Source material section start

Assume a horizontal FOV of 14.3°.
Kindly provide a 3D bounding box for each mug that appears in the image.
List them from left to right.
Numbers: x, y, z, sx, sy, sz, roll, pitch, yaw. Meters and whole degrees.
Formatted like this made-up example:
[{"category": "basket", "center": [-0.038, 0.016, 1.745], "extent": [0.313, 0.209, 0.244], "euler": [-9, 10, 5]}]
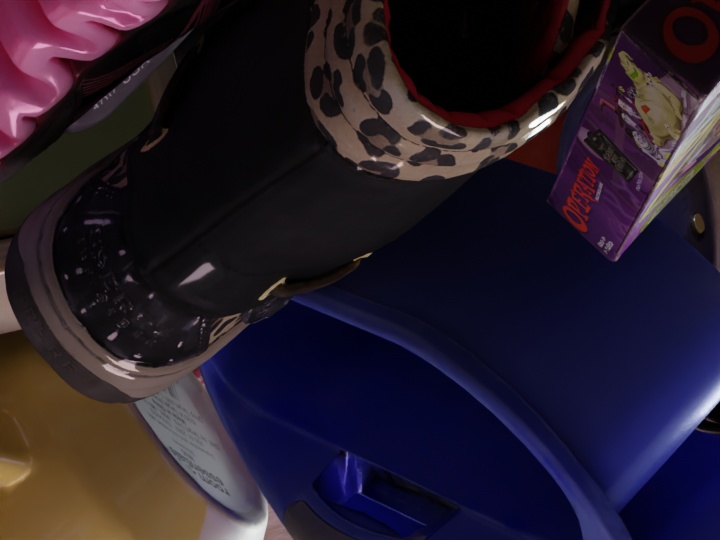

Source material section end

## [Work task]
Retype, word for word, only the line holding "Numbers: x, y, z, sx, sy, sz, roll, pitch, yaw." and the lines after it through the final line of the listing above, and leave every picture out.

## [Exercise response]
Numbers: x, y, z, sx, sy, sz, roll, pitch, yaw. Meters and whole degrees.
Formatted like this made-up example:
[{"category": "basket", "center": [-0.038, 0.016, 1.745], "extent": [0.313, 0.209, 0.244], "euler": [-9, 10, 5]}]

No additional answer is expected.